Özgüven eksikliği yaşayan ve kendileri ile barışık olmayan çocukların arkadaşlarıyla birlikteyken hak ettiği saygıyı göremediklerini ve yaşıtları tarafından kullanıldığını söyleyen Psikolog Funda Es sözlerini şöyle sürdürdü:


“Özgüven eksikliği yaşayan çocuklar potansiyellerini gösteremez ve dolayısıyla bunun sonucunda başarısızlık yaşayabilirler. Kendi kararını veremedikleri için sürekli başkalarının onayına ihtiyaç duyarak yaşarlar, sorumluluk almaktan çekinirler. Çocuğunuzun ondan ne istediğinizi bilmesini sağlayın. Çocukların düşüncelerini, duygularını ve gözlemlerini dinlemeniz çocukların öz saygılarını artırmaktadır. Çocuğunuz sizinle bir şey paylaşmak istiyor fakat yorgun veya yoğunsunuz, o an için uygun olmadığınızı ve ne zaman uygun olacağınızı anlatın. Örneğin yatağa yatış saati, yemek zamanları belli değişmez düzen içerisinde gerçekleşsin. Bu tür bir değişmezlik çocuğun kendini güvende hissetmesini sağlar. Neyin kabul edilemez olduğunu çocuk daha iyi bilir. Evdeki tüm erişkinlerin bu kurallar konusunda anlaşması gereklidir. Farklı ve uyumsuz mesajlar çocuğun kafasını karıştırır. Çocuğumuza; kendisine özgü yeteneklerini ortaya çıkarmasında yardımcı olun. Her çocuk birbirlerinden farklıdır. Her çocuğun farklı özellikleri ve yetenekleri vardır. Hepsinin başarılı olduğu alanlar değişiktir. Kendilerinde var olan yeteneklerin ortaya çıkmasını sağlayarak kendilerine güven duymalarını sağlamasına yardımcı olmuş olursunuz. Beklentilerimiz çocuğumuzun seviyesinde olmalı, yüksek beklentiler çocukta değersizlik ve yetersizlik duygusuna yol açabilir, onu aşacak beklentilerinden kaçınmak zorundayız.”

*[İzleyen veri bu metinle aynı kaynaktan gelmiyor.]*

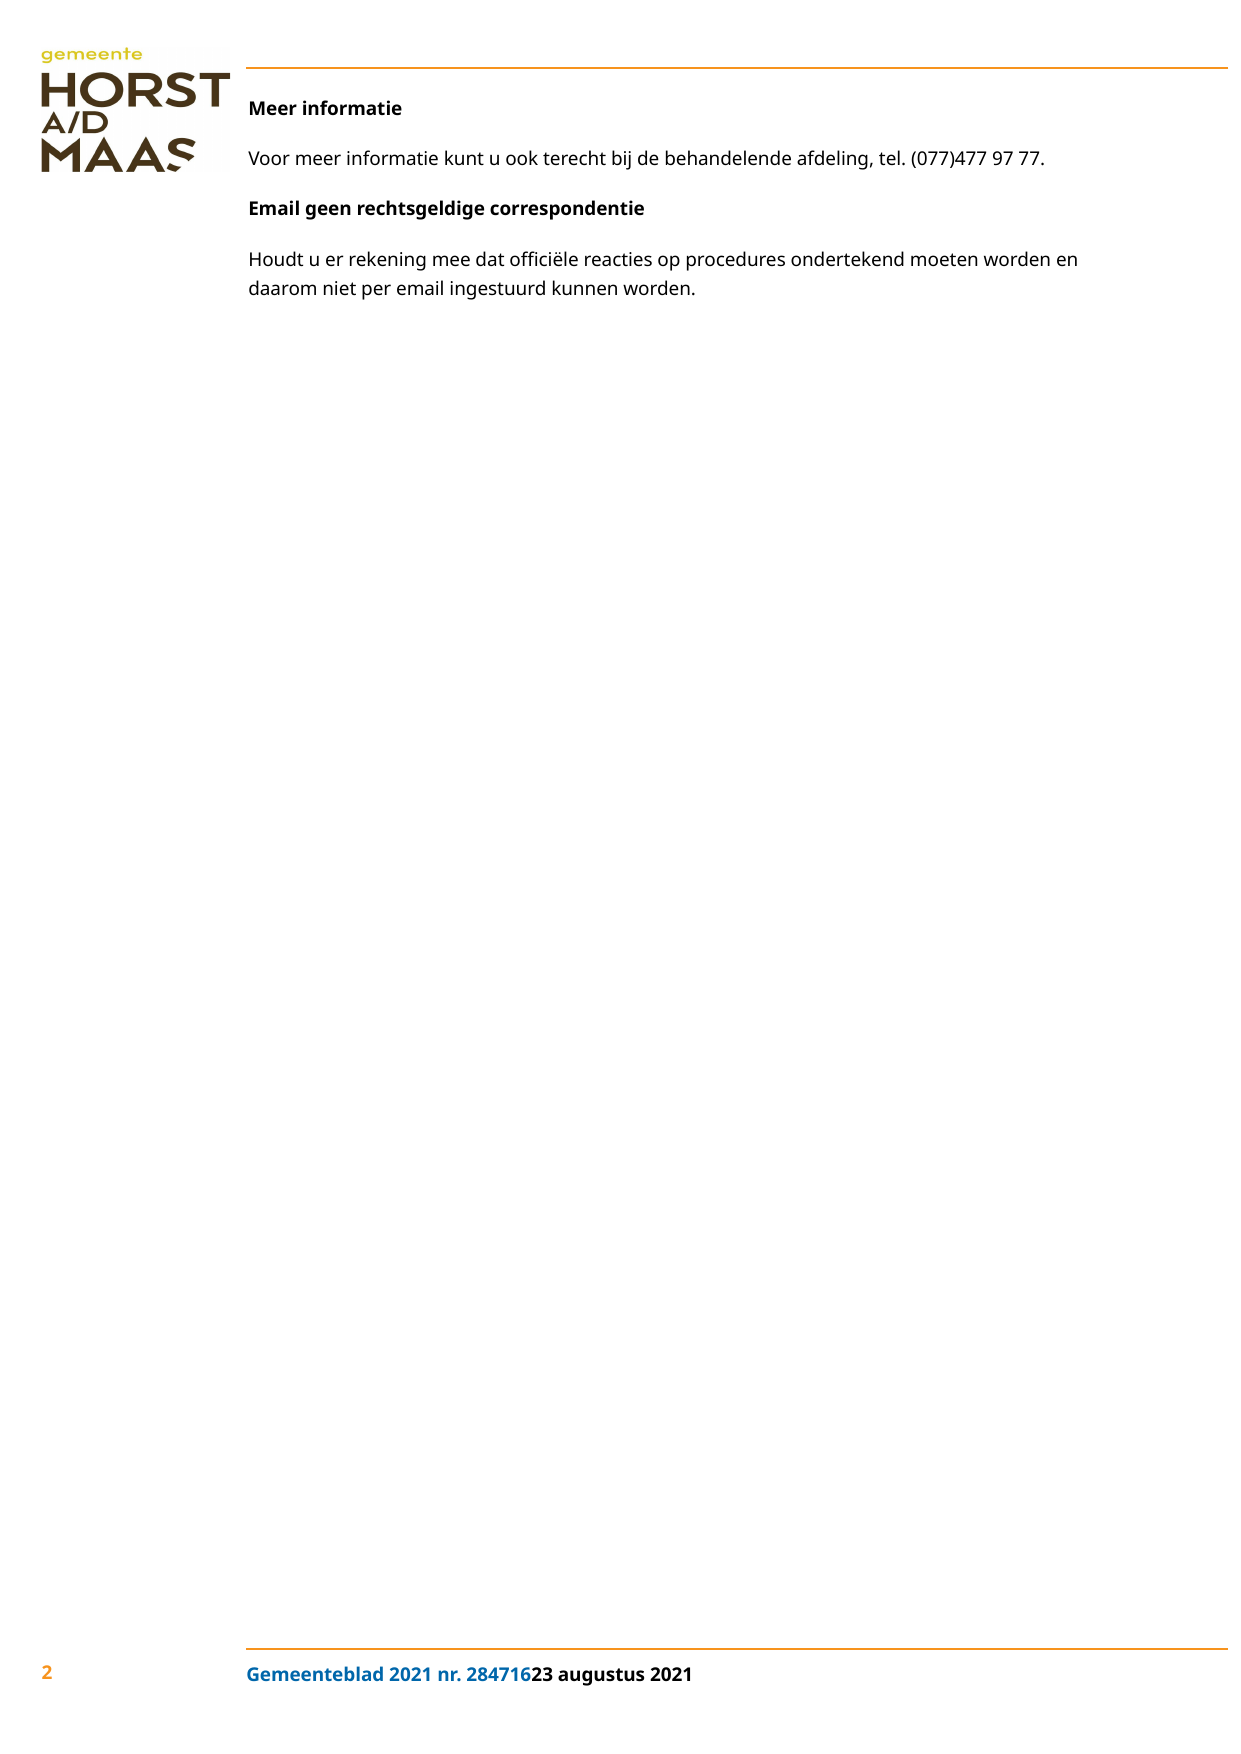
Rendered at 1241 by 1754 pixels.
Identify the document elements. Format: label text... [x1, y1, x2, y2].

text Voor meer informatie kunt u ook terecht bij de behandelende afdeling, tel. (077)477 97 77. [248, 145, 1152, 171]
text Houdt u er rekening mee dat officiële reacties op procedures ondertekend moeten worden en daarom niet per email ingestuurd kunnen worden. [248, 246, 1152, 301]
text Meer informatie [248, 95, 1152, 121]
picture [41, 47, 231, 172]
text Email geen rechtsgeldige correspondentie [248, 196, 1152, 221]

"Cezalandırmayın, destek olun"


Ailelerin, çocuğun okul dönemindeki başarısızlığında nasıl davranmaları gerektiğini anlatan Funda Es, şunları kaydetti:


“Ebeveynlerin ‘notların düşük olmasına çok üzüldüm, İkinci dönem notlarının daha yükseleceğini umuyorum. Derslerine daha fazla zaman ayırarak bunu halledebilirsin” gibi cümleler kurarak çocuğa kendini affettirme yolu göstermeleri gerekir. Çocuğunuza seçme şansı verin ve şu soruyu sorun: ‘Kendin çalışabilirsin veya sana derslerinde yardımcı olacak birisi olabilir, nasıl istersin?’ Çocuğun problemlerini anne-baba olarak çözmeye çalışmayın, çocukların sorunlarla mücadele etmesini bekleyin. Çocukların, çatışmalar ve zorluklarla, nasıl mücadele edildiğini öğrenmeleri gereklidir. İçinden çıkılmaz bir durum yoktur, önemli olan çocuğa özgü doğru yöntemi belirlemektir. Bunun için de biz psikologlar tarafından uygulanan testler oldukça yol göstericidir. Test dışında, bir psikologdan danışmanlık almak her şeyi daha kolay hale getirebilir.”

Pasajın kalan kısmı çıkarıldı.